George-based models

A number of models implemented in Heron make use of the George Gaussian process library which implements a number of simplifications to make the inversion of the covariance matrix required for GPR predictions more tractable.

The main model produced this way is HeronHODLR, which implements a fully-spinning BBH waveform model which is trained on waveform data from the Georgia Tech waveform catalogue.

All of the george-based models are contained in the heron.models.georgebased module.

HeronHODLR: A spinning, NR-trained waveform model

Ther HeronHODLR model implements a surrogate model for gravitational waveforms form binary black hole events with arbitrary spin parameters between a mass ratio of 1 and 8.

class heron.models.georgebased.HeronHodlr[source]

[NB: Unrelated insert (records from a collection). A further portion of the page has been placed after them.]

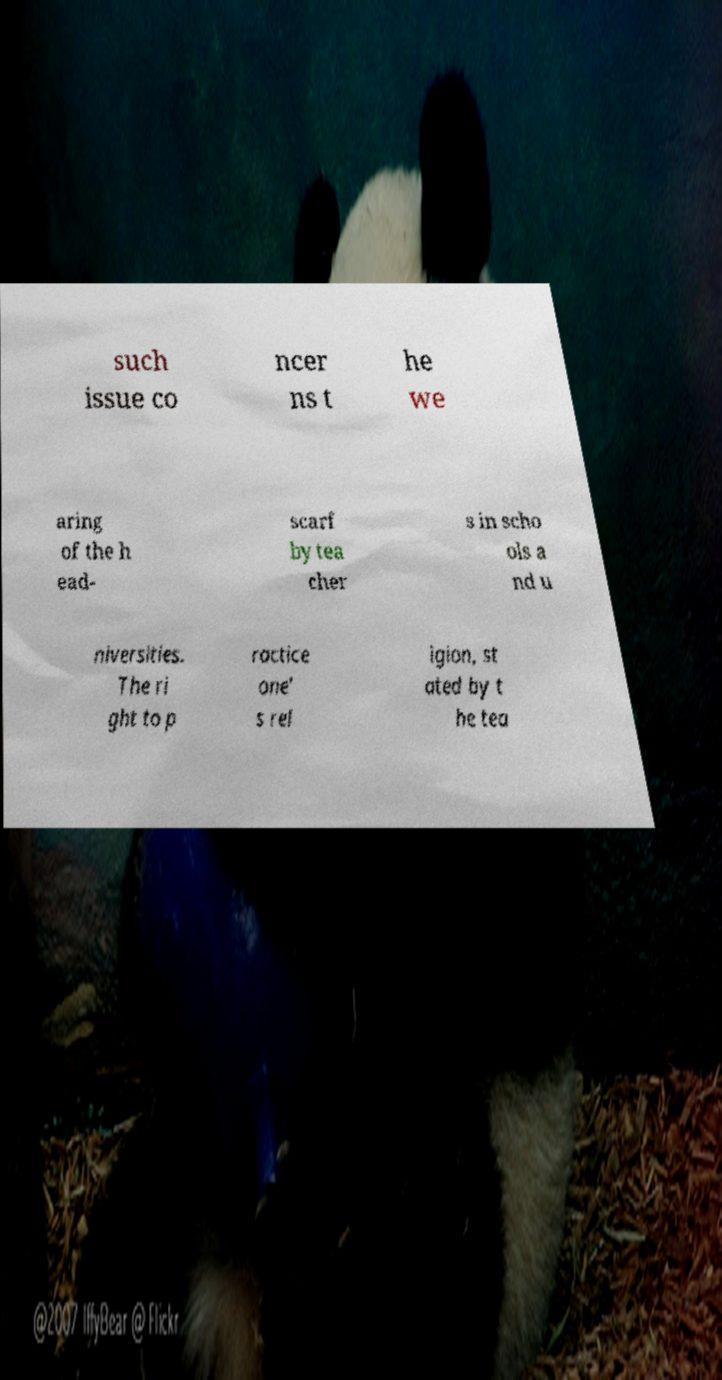Please read and relay the text visible in this image. What does it say? such issue co ncer ns t he we aring of the h ead- scarf by tea cher s in scho ols a nd u niversities. The ri ght to p ractice one' s rel igion, st ated by t he tea 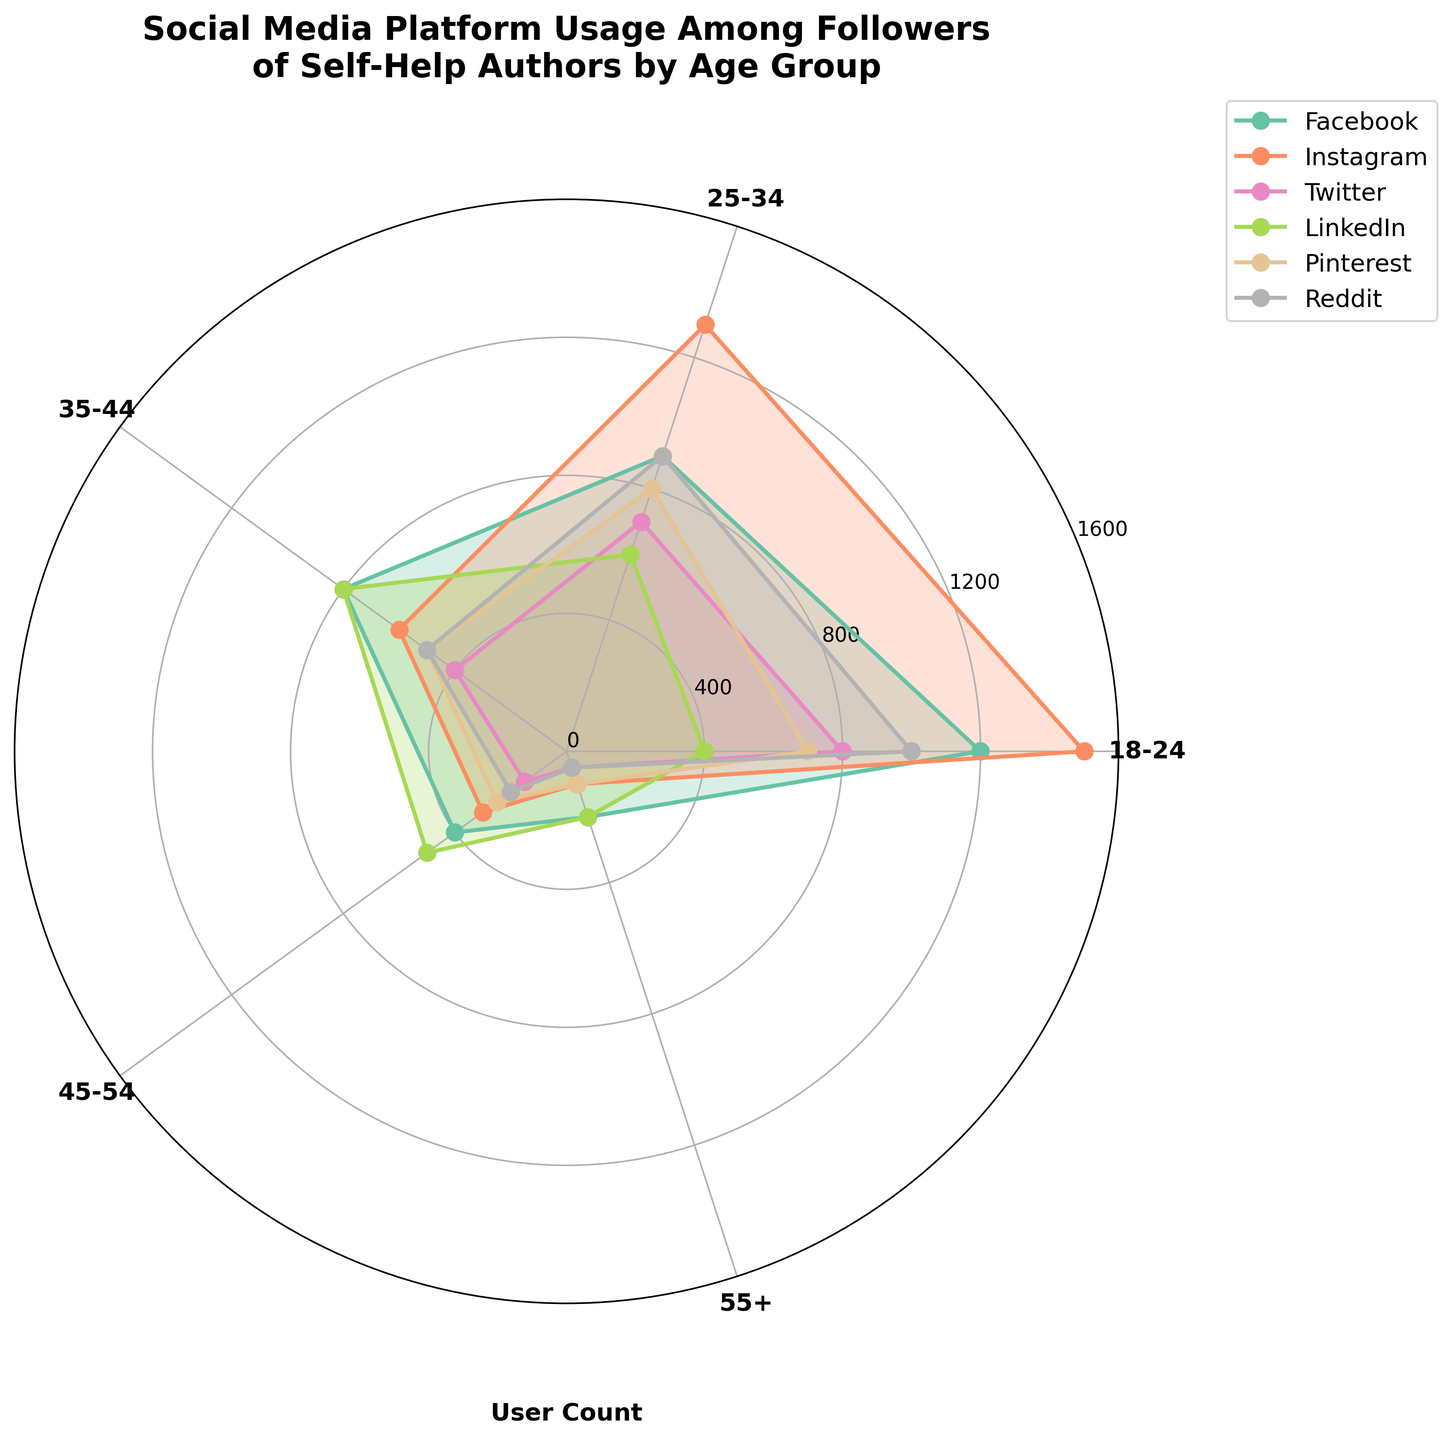What is the title of the figure? The title is displayed prominently at the top of the chart and reads "Social Media Platform Usage Among Followers of Self-Help Authors by Age Group."
Answer: Social Media Platform Usage Among Followers of Self-Help Authors by Age Group Which age group has the highest user count on Instagram? Looking at the radial extent of the lines representing Instagram, the 18-24 age group has the longest line, indicating the highest user count.
Answer: 18-24 Which platform has the fewest users in the 55+ age group? Observing the radial length of the lines for each platform, Twitter and Reddit have the shortest lines for the 55+ age group, equal to 50 user counts.
Answer: Twitter and Reddit What platform is most popular among the 35-44 age group? By comparing the radial extension of each line within the 35-44 age slice, LinkedIn has the longest line, indicating it has the highest user count for this age group.
Answer: LinkedIn How does the user count for Facebook compare between the 18-24 and 45-54 age groups? The line for Facebook in the 18-24 age group extends to 1200, while the line in the 45-54 age group extends to 400. Comparing these visually, 1200 is significantly greater than 400.
Answer: 18-24 has a higher count In which age group does Pinterest have roughly half the users compared to Instagram? For each age group, compare the lengths of the lines representing Pinterest and Instagram. In the 35-44 age group, Pinterest has roughly 500 users and Instagram has 1000 users, which is close to half.
Answer: 35-44 Which two platforms have a similar user count for the 25-34 age group, and what is that count? By examining the 25-34 age group lines, both Pinterest and Reddit have lines extending to approximately 900 users.
Answer: Pinterest and Reddit, 900 What is the average user count for the 25-34 age group across all platforms? Sum the user counts for all platforms in the 25-34 age group: Facebook (900), Instagram (1300), Twitter (700), LinkedIn (600), Pinterest (800), Reddit (900). Total = 5200. Average = 5200 / 6 = 866.67
Answer: 866.67 For the 55+ age group, rank the platforms from most to least users. Evaluate the lengths of the lines for the 55+ age group: Facebook (200), Instagram (100), Twitter (50), LinkedIn (200), Pinterest (100), Reddit (50). Rank: Facebook and LinkedIn (tie), followed by Instagram and Pinterest (tie), then Twitter and Reddit (tie).
Answer: Facebook, LinkedIn, Instagram, Pinterest, Twitter, Reddit

Produce a BBH waveform generator using the Hodlr method.

Methods

bilby(self, time, mass_1, mass_2, …) Return a waveform from the GPR in a format expected by the Bilby ecosystem
build(self[, mean, white_noise, tol]) Construct the GP object
distribution(self, p, times[, samples, …]) Return the mean waveform and the variance at a given location in the BBH parameter space.
eval(self) Prepare the model to be evaluated.
log_evidence(self, k, n) Evaluate the log-evidence of the model at a hyperparameter location k.
mean(self, p, times) Return the mean waveform at a given location in the BBH parameter space.
train(self) Prepare the model to be trained.

Heron2DHodlrIMR

This model is a 2D prototype waveform model trained on phenomenological sample waveforms. In contrast to the full HeronHODLR model, this model models only non-spinning waveforms between mass ratios of 1 and 10.

class heron.models.georgebased.Heron2dHodlrIMR[source]

Produce a BBH waveform generator using the Hodlr method with IMRPhenomPv2 training data.

Methods

bilby(self, time, mass_1, mass_2, …) Return a waveform from the GPR in a format expected by the Bilby ecosystem
build(self[, mean, white_noise, tol]) Construct the GP object
distribution(self, p, times[, samples, …]) Return the mean waveform and the variance at a given location in the BBH parameter space.
eval(self) Prepare the model to be evaluated.
log_evidence(self, k, n) Evaluate the log-evidence of the model at a hyperparameter location k.
mean(self, p, times) Return the mean waveform at a given location in the BBH parameter space.
train(self) Prepare the model to be trained.